Покончив в общих чертах с Галинисами, она сочла своим долгом ознакомить Еву с остальными жителями Лепгиряй. А когда и деревню от околицы высекла острым своим язычком, выкапывая в каждой семье какую-нибудь мерзость и нигде не находя ничего хорошего, то с ходу перебросилась на хутора, где первым делом сровняла с землей Гайгаласов и бывшего своего мужа Винце, который-де и прирожденный вор, и каторжник, и по своей дурости разбил ей жизнь. Она даже позабыла, что, если бы не ее уговоры воровать, муж и по сей день бы не знал, что такое тюрьма.
Языкаста, язвительна была эта маленькая чернявая бабенка с круглым, цветущим лицом. От ее пронзительных желтых глазок не укрывалась мельчайшая подробность, которая, по надобности, могла быть предана забвению или соответственно раздута и пущена гулять по белу свету. Распускание слухов было как бы второй ее профессией, неразрывно связанной с ремеслом спекулянтки. Она бегала по дворам, скупая сыры, яйца, мясо, а бабы, боясь ее языка и желая побыстрей от нее отвязаться, без долгого торга продавали ей все, что имели лишнего, потому что готовы были лучше потерять лишний рубль, чем оказаться оклеветанными на всю округу. Скупленные продукты Страздене потом перепродавала по повышенным ценам спекулянткам, а нередко и сама снаряжалась в большие города, где скупала дефицитные промтовары, нужные в деревне.
Все это Ева давно знала, потому что Страздене заглядывала и в Павешвиле. Она немало уже наслушалась про ее необузданный язык, но то, что услышала сейчас, не умещалось в ее воображении, потому что она впервые столкнулась с тем, как зло Миле судит и рядит людей. Поэтому она и переминалась на месте в страшном смущении, не зная, что делать. А Страздене носилась по комнате, то кого-то оговаривая, то хваля красоту обстановки, то снова расправляясь с хуторами, а через минуту возвращалась к той же обстановке и не могла налюбоваться на чудесные занавески, которые могли связать только пальцы такой волшебницы, как Ева…

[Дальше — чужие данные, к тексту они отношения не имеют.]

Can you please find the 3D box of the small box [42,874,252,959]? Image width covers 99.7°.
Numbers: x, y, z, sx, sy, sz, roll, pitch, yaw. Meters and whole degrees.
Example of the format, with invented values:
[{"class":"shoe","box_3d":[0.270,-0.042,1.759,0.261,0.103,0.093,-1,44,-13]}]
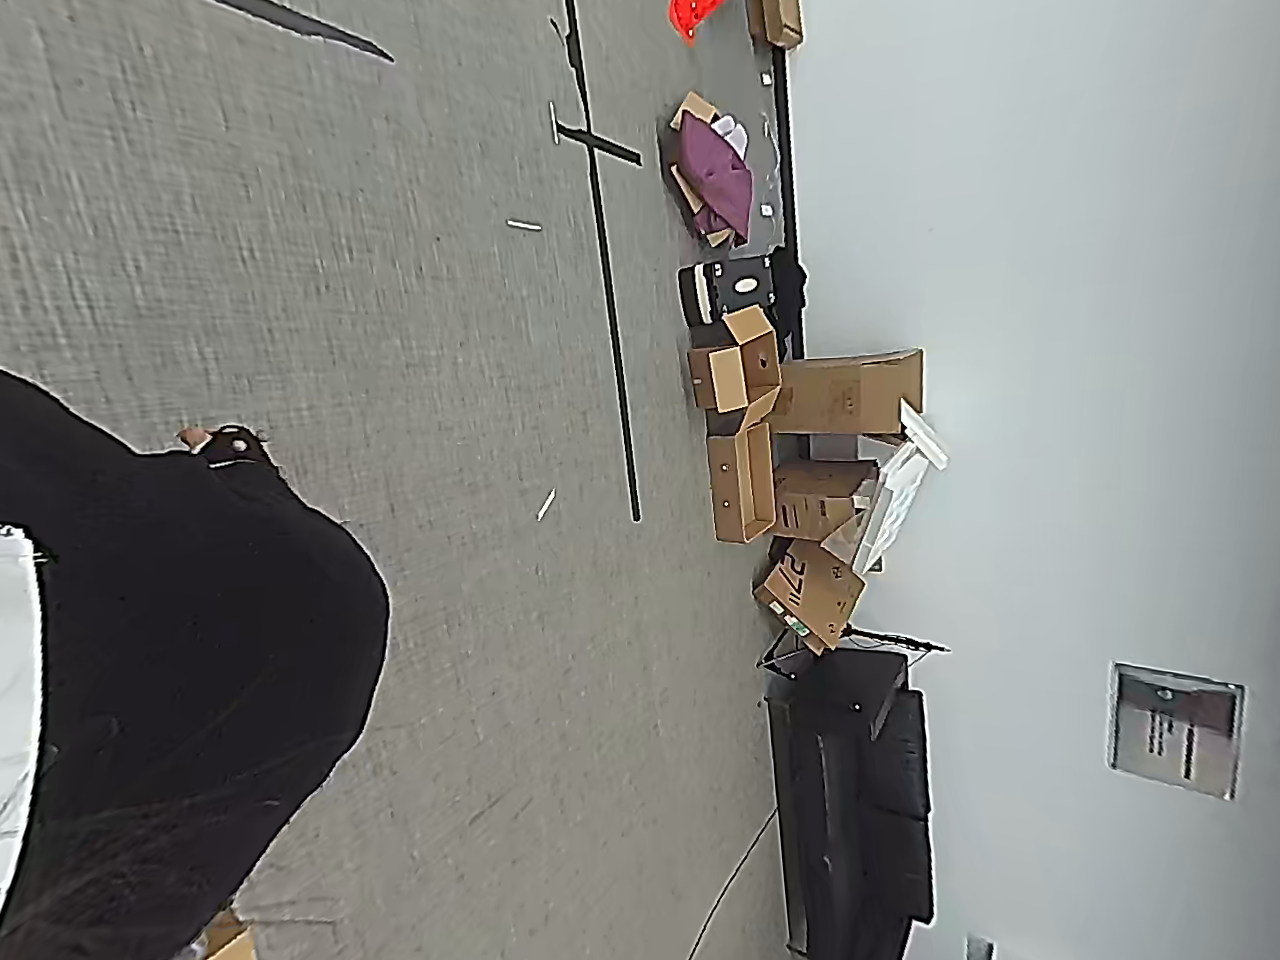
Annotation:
[{"class":"small box","box_3d":[-0.566,0.615,0.626,0.168,0.176,0.179,-21,105,-53]}]
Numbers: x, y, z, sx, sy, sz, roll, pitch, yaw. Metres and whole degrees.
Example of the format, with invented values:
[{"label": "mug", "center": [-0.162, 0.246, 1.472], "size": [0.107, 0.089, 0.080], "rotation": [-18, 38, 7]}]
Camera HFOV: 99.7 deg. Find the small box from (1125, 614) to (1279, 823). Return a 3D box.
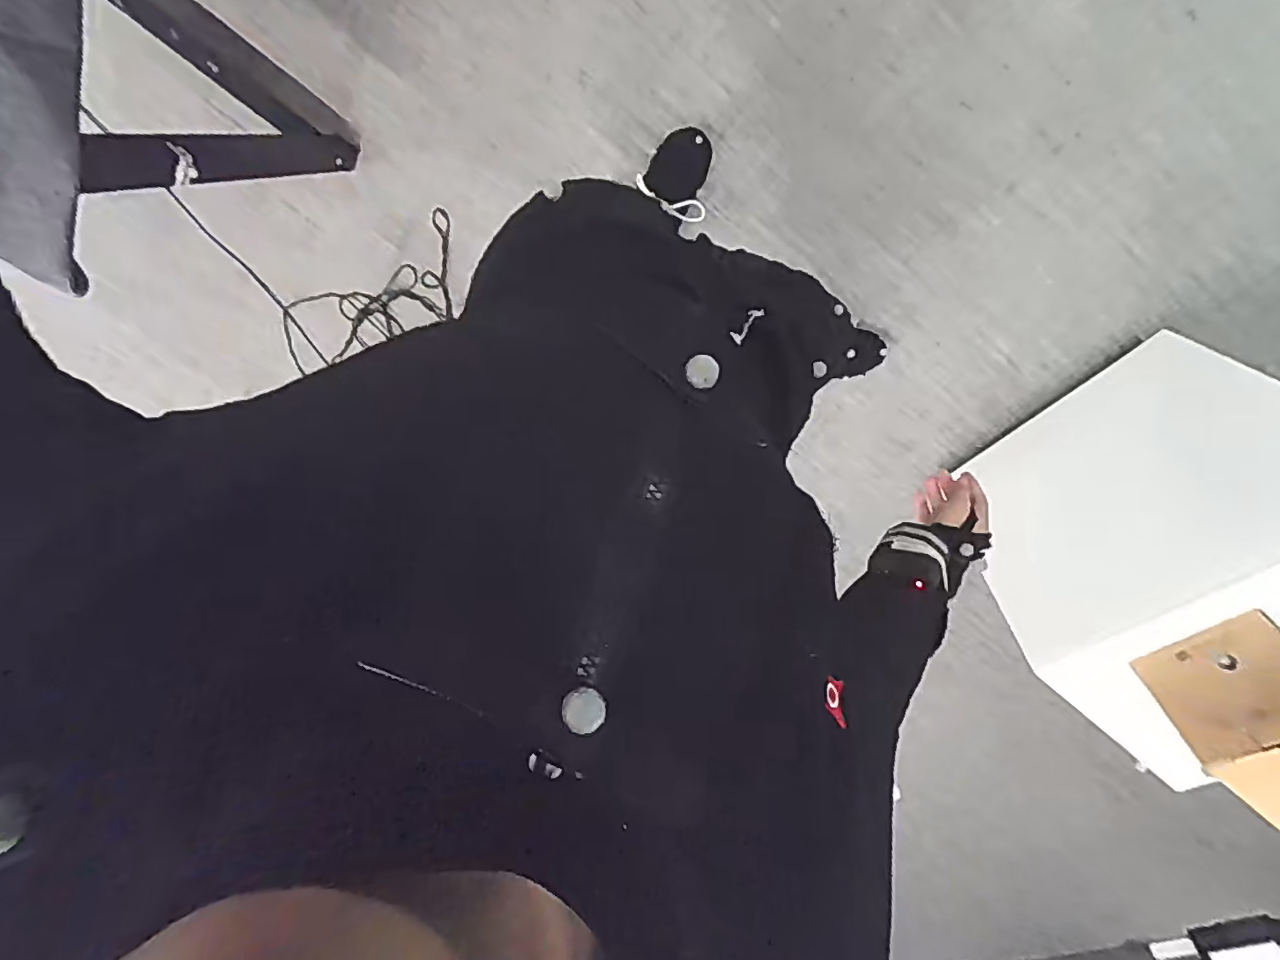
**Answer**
[{"label": "small box", "center": [0.823, 0.313, 0.722], "size": [0.179, 0.176, 0.168], "rotation": [36, 122, -12]}]
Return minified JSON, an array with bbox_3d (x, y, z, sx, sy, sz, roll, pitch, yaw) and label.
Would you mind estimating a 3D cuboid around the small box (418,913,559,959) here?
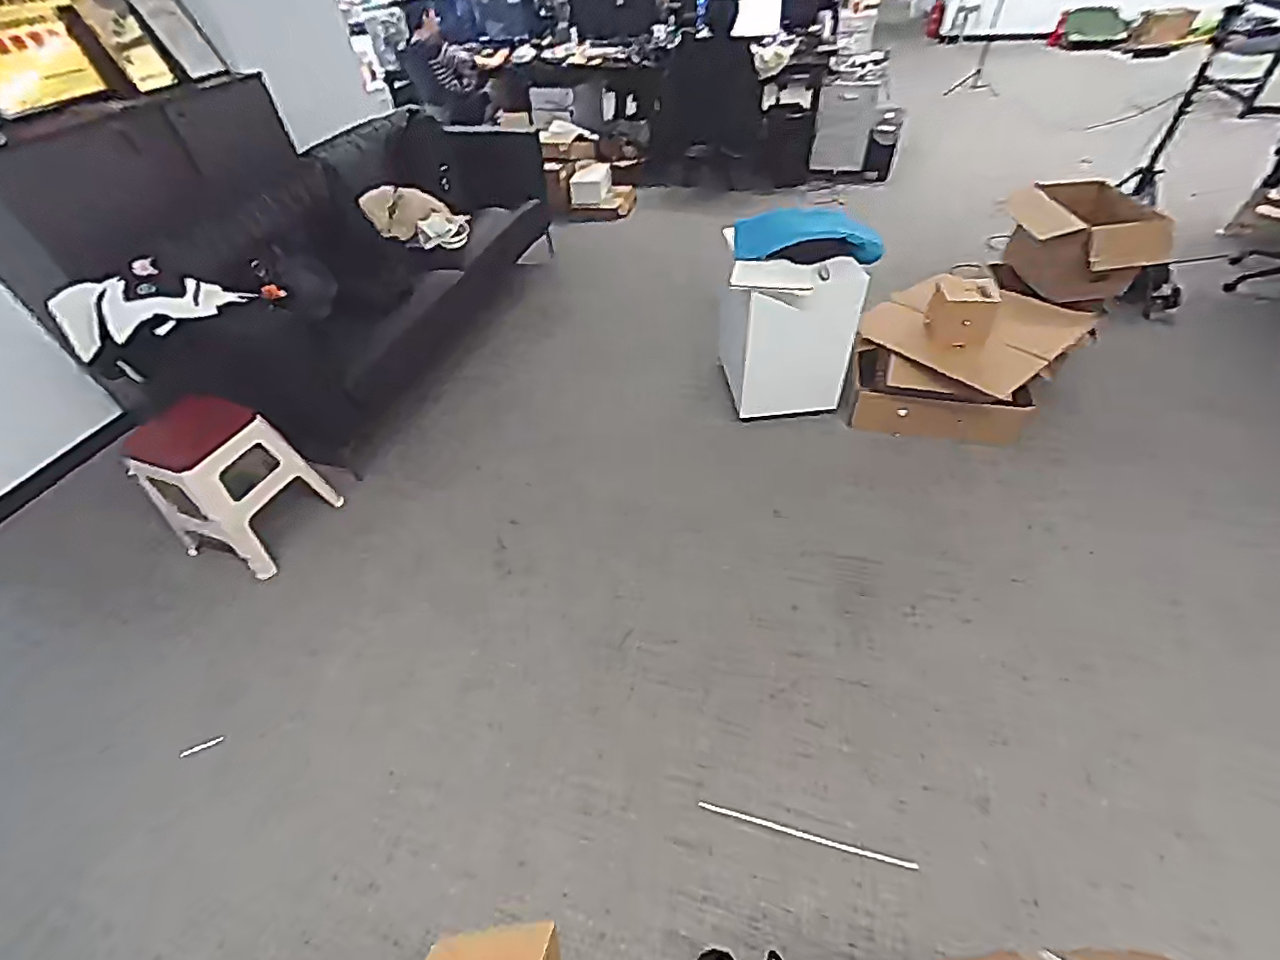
[{"bbox_3d":[-0.190,0.670,0.643,0.168,0.179,0.176,-10,83,3],"label":"small box"}]
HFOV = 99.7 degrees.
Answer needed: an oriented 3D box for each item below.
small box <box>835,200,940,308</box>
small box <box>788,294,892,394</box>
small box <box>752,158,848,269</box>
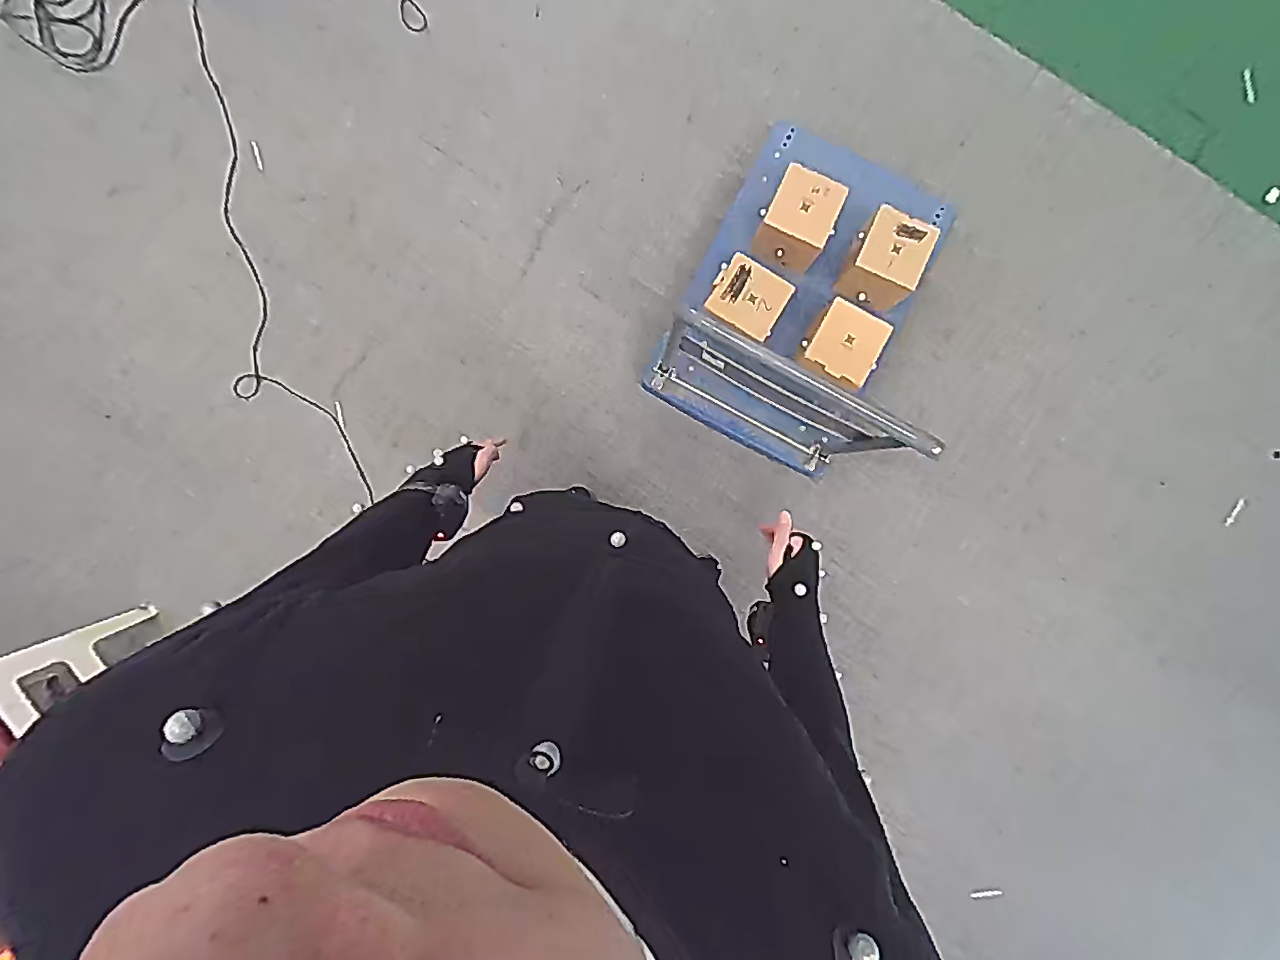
[{"bbox_3d":[0.642,-0.587,1.429,0.168,0.176,0.179,25,89,0],"label":"small box"},{"bbox_3d":[0.515,-0.349,1.421,0.168,0.176,0.179,29,88,-1],"label":"small box"},{"bbox_3d":[0.411,-0.691,1.427,0.168,0.176,0.179,25,88,-1],"label":"small box"}]
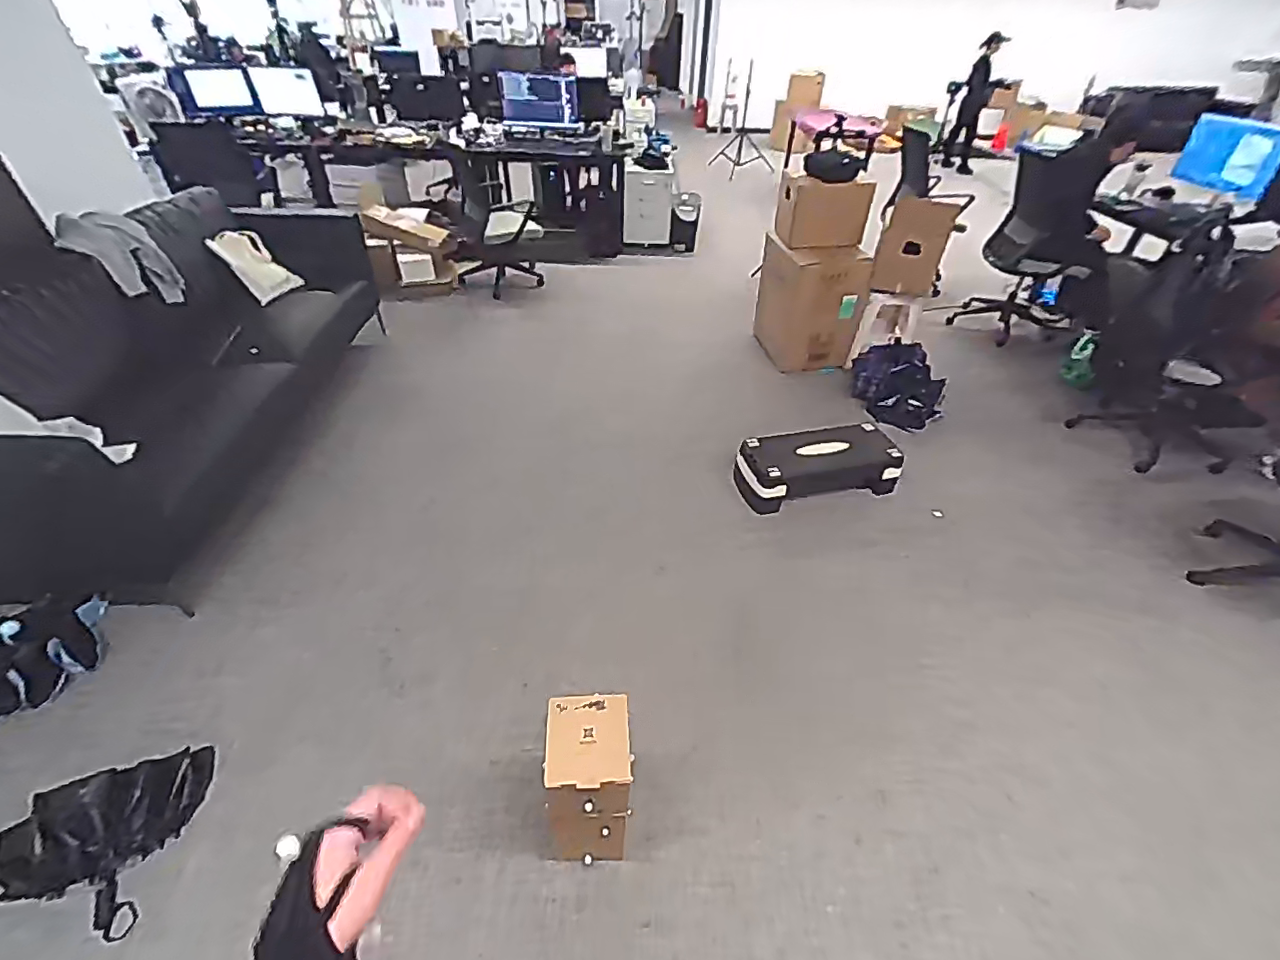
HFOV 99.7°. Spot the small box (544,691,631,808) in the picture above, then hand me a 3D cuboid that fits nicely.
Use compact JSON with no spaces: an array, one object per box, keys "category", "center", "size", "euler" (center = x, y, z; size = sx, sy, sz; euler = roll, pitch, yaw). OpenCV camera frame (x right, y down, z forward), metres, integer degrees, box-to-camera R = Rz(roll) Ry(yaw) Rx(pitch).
[{"category":"small box","center":[-0.104,0.562,1.119],"size":[0.168,0.176,0.179],"euler":[-1,43,-4]}]

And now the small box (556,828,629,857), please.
[{"category":"small box","center":[-0.112,0.805,1.335],"size":[0.168,0.176,0.179],"euler":[0,42,-2]}]

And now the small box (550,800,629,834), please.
[{"category":"small box","center":[-0.109,0.684,1.228],"size":[0.168,0.176,0.179],"euler":[0,40,-3]}]

— Не пожалел вам господь милостей, сударыня, не пожалел. Такой вот Римшене хорошие руки дал, зато на ум поскупился. Лапинасову Году разукрасил будто куколку, а ленью наградил. Лапинене совсем чокнутая. Шилейкене была б ничего, но бедняге суждено весь век горб таскать. Бузаускасова Гедрута шлюха, каждую весну брюхатая ходит. А вы и работящая, и красивая, и серьезная, и умница, и супруг ваш образованный. Ах, сударыня, до чего ж я, бедняжка, завидую вам, до чего завидую! Таких золотых людей не много на свете, вы уж мне поверьте, дорогуша, потому что я, слава богу, за год выхаживаю больше, чем иной за весь свой век. Знаю, какие люди бывают, сударыня, знаю.
И тут же стала перечислять главные человеческие добродетели, каждую иллюстрируя живым примером. Лапинас-де вершина отцовской любви, потому что она не встречала другого, кто бы так баловал свою дочь и купил бы для нее у Миле столько нарядов. А Мартинас-де до того мягкий, чистый, такой образец долготерпения, что святые должны бы ему позавидовать и наградить его венцом блаженного, не будь он коммунистом.
— Ах, сударыня, как бы я хотела, чтоб он был счастлив, дорогуша, как бы хотела! Вчера налюбоваться не могла, как они с Годой танцевали. В жизни не видела такой красивой пары, милая сударыня. Помоги им господи. Если Мартинас сумеет выгнать из Годы лень, сударыня, вы увидите, как ладно они будут жить, дорогуша.